Les ascètes soufis se sont inspirés des mystiques chrétiens et les différentes citations soufies reflètent les croyances d’une infime minorité de musulmans qui ne sont pas reconnus par les courants majoritaires et encore moins par la mosquée de Segrate. Je pourrais en citer beaucoup d’autres de même contenu de spiritualité mais aussi d’autres très offensants, que l’on trouve aussi dans le Coran lui-même (annexe 6). Les textes scolaires des collèges et lycées des pays arabes “modérés” sont particulièrement virulents contre les chrétiens ! Pour être exacte, l’information doit révéler les deux faces de la pièce. Si vous avez le temps disponible, vous pourrez vous en rendre compte en visitant la bibliothèque de la mosquée de Segrate. Grand maître de la pensée islamique moderne, Taha Hussein, lors d’une rencontre promue par la Fondation Cini de Venise au Centre de Culture et Civilisation, a reconnu la vocation, dont le chrétien arabe est porteur, d’être l’intersection de deux mondes dont il peut faire une synthèse visant à la relance et au développement du monde arabe dont il est issu. Aujourd’hui, il a été mis à l’index et Said El Ashmawi sous le feu des critiques. Averroé a eu une grande influence sur Thomas d’Aquin, philosophe, saint, docteur de l’Eglise, mais il a été menacé et a dû fuir !
Le Cardinal Martini a été un précurseur de la voie du dialogue dans un esprit de vérité et de respect ; pour dialoguer, il faut deux personnes et dans le monde islamique, il y a une profonde ignorance, je dirais un antagonisme, de notre foi qui n’a malheureusement pas été entendu par les autorités politiques. (annexe 7).
Enfin, je suis d’accord avec sa conclusion, une expérience de la vie quotidienne, la défense de nos valeurs auprès des nouveaux immigrants, la prise de conscience de l’identité et des valeurs fondamentales sur lesquelles notre civilisation s’est développée mais auxquelles beaucoup d’entre nous se sont habitués. Afin d’établir un dialogue entre deux mondes jusqu’ici culturellement séparés, il est nécessaire que les deux parties s’efforcent (les Ightihad) de redécouvrir leur propre identité. Saisissez toutes les occasions de proposer un exemplaire de l’Évangile à ceux qui n’ont jamais eu l’occasion de le connaître, sauf par le Coran ; convenez que nous devons saisir toutes les occasions de rassembler et d’impliquer le musulman, la personne, la famille, dans nos initiatives. (pièces jointes7,8).

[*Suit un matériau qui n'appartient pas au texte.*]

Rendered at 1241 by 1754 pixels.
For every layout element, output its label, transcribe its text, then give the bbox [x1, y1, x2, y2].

Je ne veux pas vous ennuyer davantage et vous me pardonnerez d’être franc, peut-être à cause de mon expérience dans le monde de l’Islam. Votre article montre votre vif intérêt pour le sujet, m’a incité à joindre quelques fiches qui illustrent ces propos.

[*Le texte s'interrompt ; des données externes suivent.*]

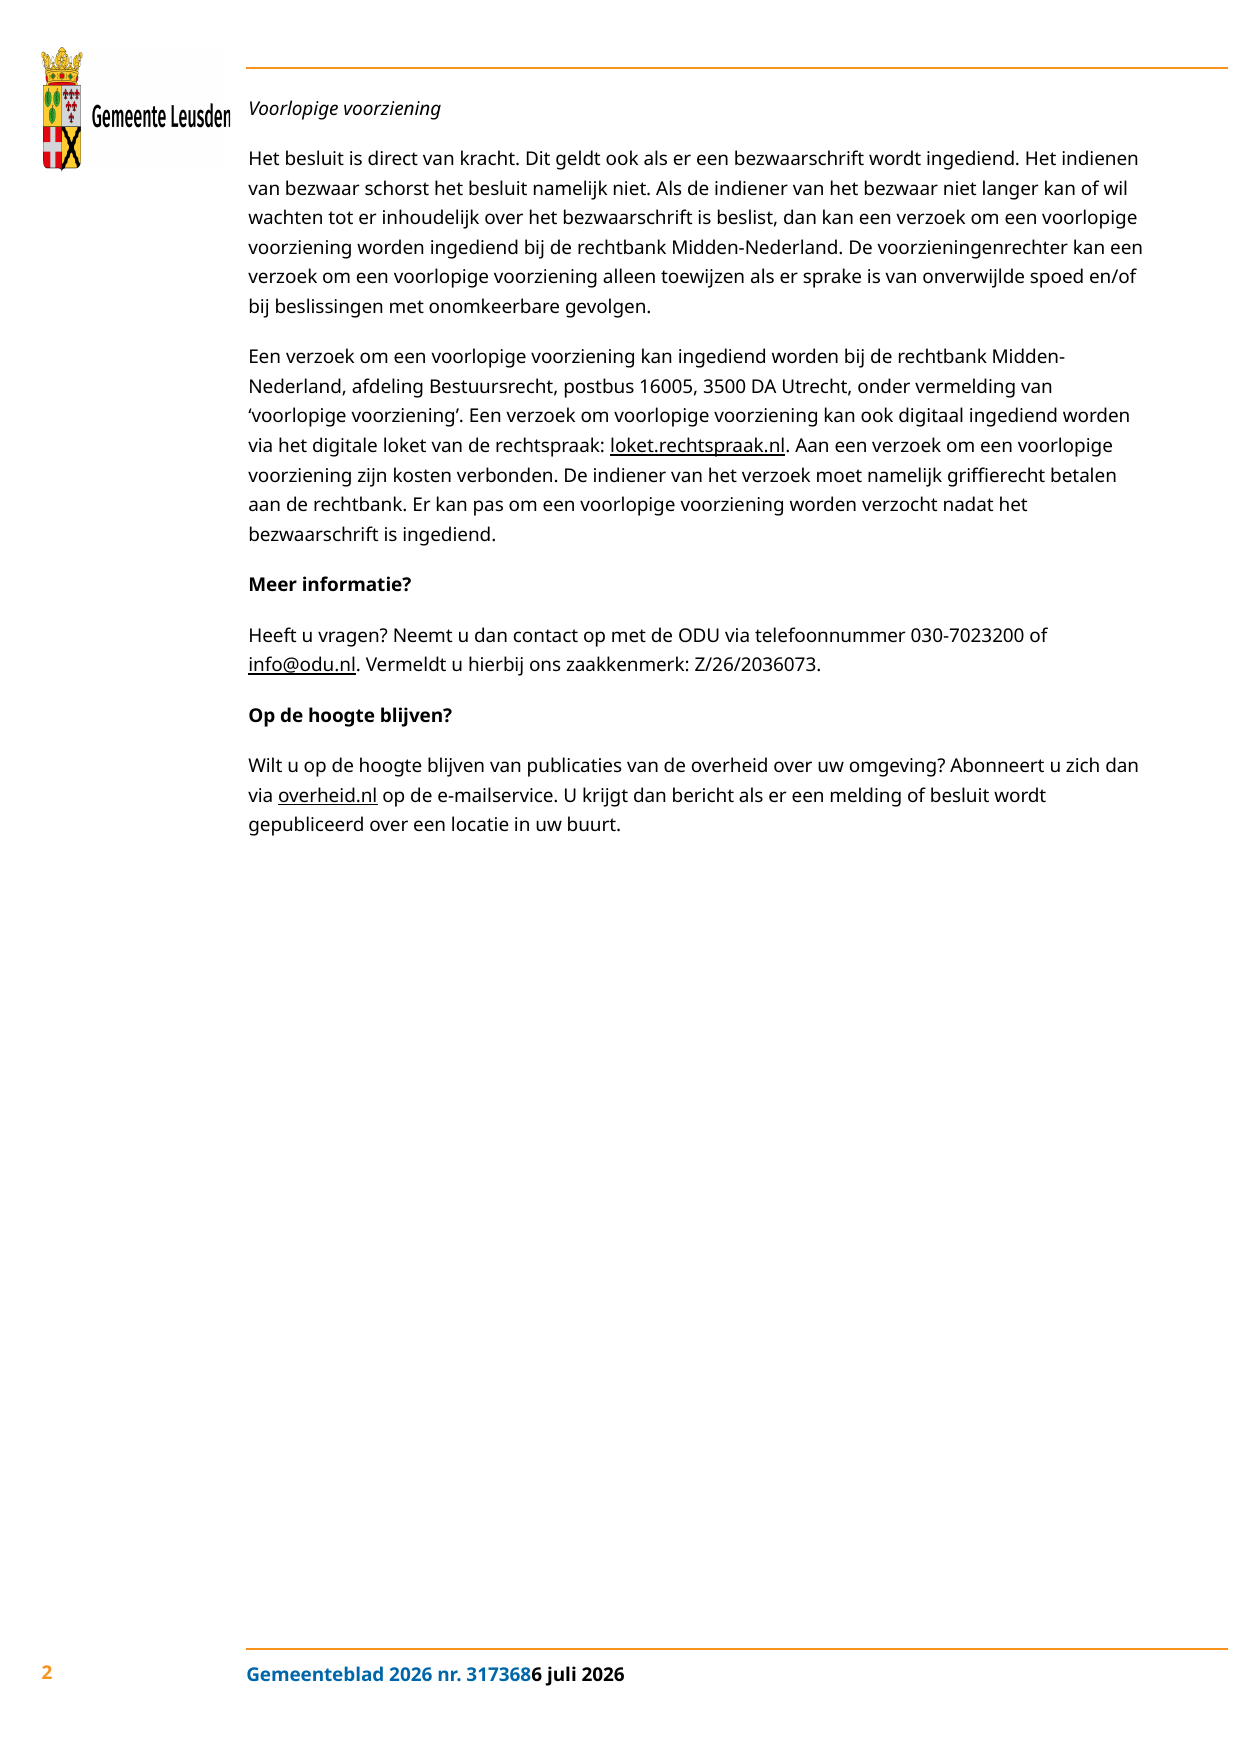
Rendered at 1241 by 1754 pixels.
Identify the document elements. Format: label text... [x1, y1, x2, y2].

text Voorlopige voorziening [248, 95, 1152, 121]
text Een verzoek om een voorlopige voorziening kan ingediend worden bij de rechtbank Midden-Nederland, afdeling Bestuursrecht, postbus 16005, 3500 DA Utrecht, onder vermelding van ‘voorlopige voorziening’. Een verzoek om voorlopige voorziening kan ook digitaal ingediend worden via het digitale loket van de rechtspraak: loket.rechtspraak.nl. Aan een verzoek om een voorlopige voorziening zijn kosten verbonden. De indiener van het verzoek moet namelijk griffierecht betalen aan de rechtbank. Er kan pas om een voorlopige voorziening worden verzocht nadat het bezwaarschrift is ingediend. [248, 343, 1152, 547]
text Op de hoogte blijven? [248, 702, 1152, 728]
text Wilt u op de hoogte blijven van publicaties van de overheid over uw omgeving? Abonneert u zich dan via overheid.nl op de e-mailservice. U krijgt dan bericht als er een melding of besluit wordt gepubliceerd over een locatie in uw buurt. [248, 752, 1152, 837]
text Het besluit is direct van kracht. Dit geldt ook als er een bezwaarschrift wordt ingediend. Het indienen van bezwaar schorst het besluit namelijk niet. Als de indiener van het bezwaar niet langer kan of wil wachten tot er inhoudelijk over het bezwaarschrift is beslist, dan kan een verzoek om een voorlopige voorziening worden ingediend bij de rechtbank Midden-Nederland. De voorzieningenrechter kan een verzoek om een voorlopige voorziening alleen toewijzen als er sprake is van onverwijlde spoed en/of bij beslissingen met onomkeerbare gevolgen. [248, 145, 1152, 319]
text Meer informatie? [248, 571, 1152, 597]
text Heeft u vragen? Neemt u dan contact op met de ODU via telefoonnummer 030-7023200 of info@odu.nl. Vermeldt u hierbij ons zaakkenmerk: Z/26/2036073. [248, 622, 1152, 677]
picture [41, 47, 231, 172]

Avec une grande cordialité.
Giuseppe Samir
22/3/2010
Cher M. Giuseppe, je suis très honoré qu’une personne aussi cultivée que vous vouliez vous arrêter et commenter mon article dans le Bulletin. Vous connaissez certainement mieux que moi le monde islamique, mais je peux aussi répondre à certaines observations.
Quant à l’origine commune du père Abraham, c’est une affirmation que j’ai tirée entièrement de la lettre de Martini et sans doute une origine commune des peuples est soulignée par l’Ancien Testament lui-même. La foi chrétienne a développé un concept trinitaire, qui n’est pas original parce que nous le trouvons sous une forme beaucoup plus ancienne dans le Trimurti indien, que le Coran n’a pas, mais nous devons aussi considérer le langage de chaque livre adapté à ceux qui devaient l’écouter et comme vous le savez bien, les textes évangéliques synoptiques ont cependant été retravaillés par des communautés déjà plus évoluées et peut-être d’origine grecque qui ont développé des concepts que peut-être les simples discours de Jésus ne rapportent pas.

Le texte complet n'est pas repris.